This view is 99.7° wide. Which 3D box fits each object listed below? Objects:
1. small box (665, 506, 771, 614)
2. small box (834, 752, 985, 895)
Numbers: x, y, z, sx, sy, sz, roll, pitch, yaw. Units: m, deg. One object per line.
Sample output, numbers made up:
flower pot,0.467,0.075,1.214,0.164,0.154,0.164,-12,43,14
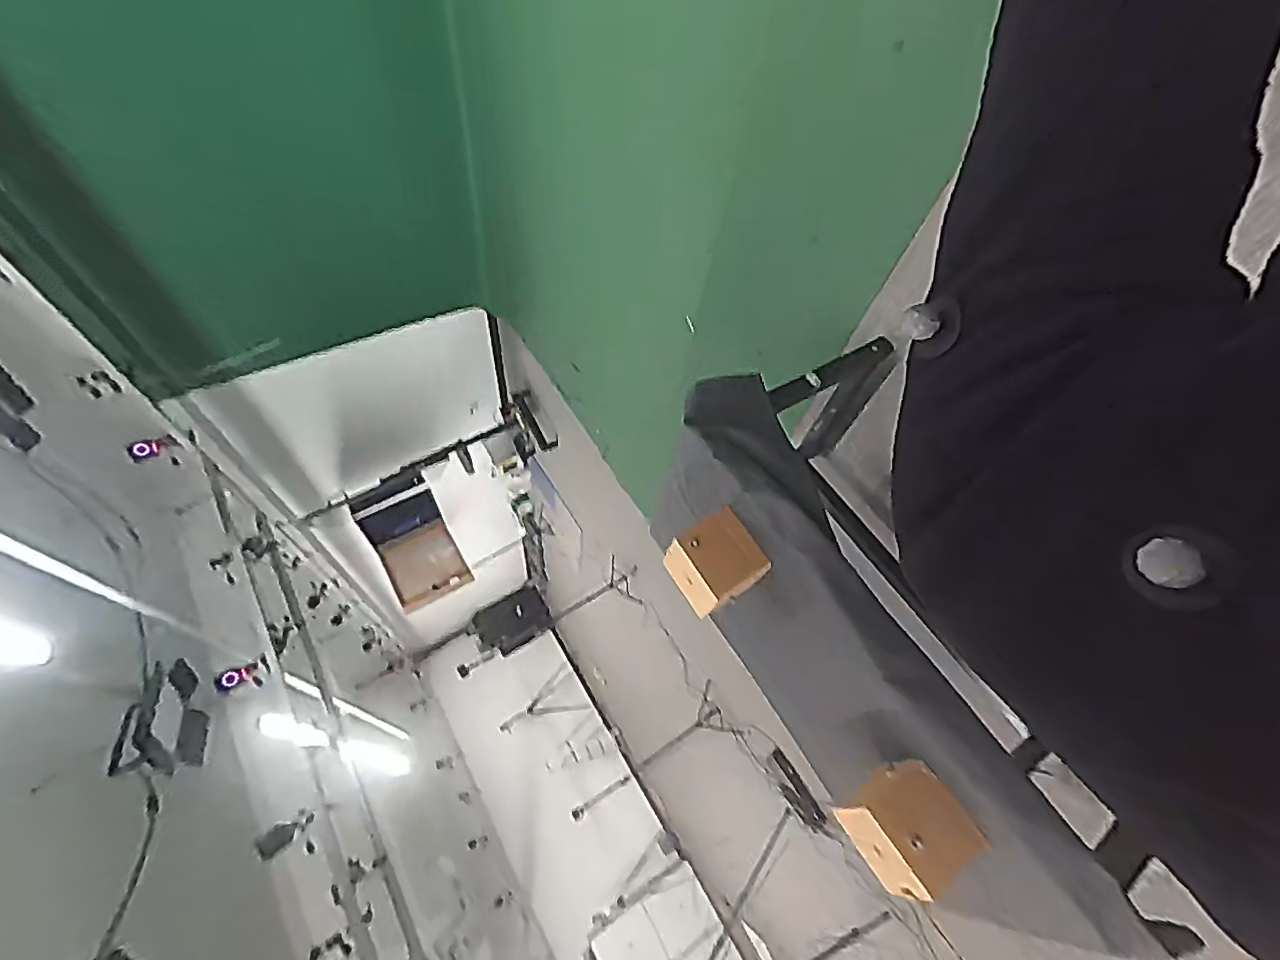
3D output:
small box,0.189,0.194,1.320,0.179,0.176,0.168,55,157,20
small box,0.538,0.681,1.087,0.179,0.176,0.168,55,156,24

# # # #

Instructions for the task
Repeat exactly the lines from the one containing "Sample output, numbers" to the last line of the data above, both included, and write no pictures into the copy.

Output of the exercise
Sample output, numbers made up:
flower pot,0.467,0.075,1.214,0.164,0.154,0.164,-12,43,14
3D output:
small box,0.189,0.194,1.320,0.179,0.176,0.168,55,157,20
small box,0.538,0.681,1.087,0.179,0.176,0.168,55,156,24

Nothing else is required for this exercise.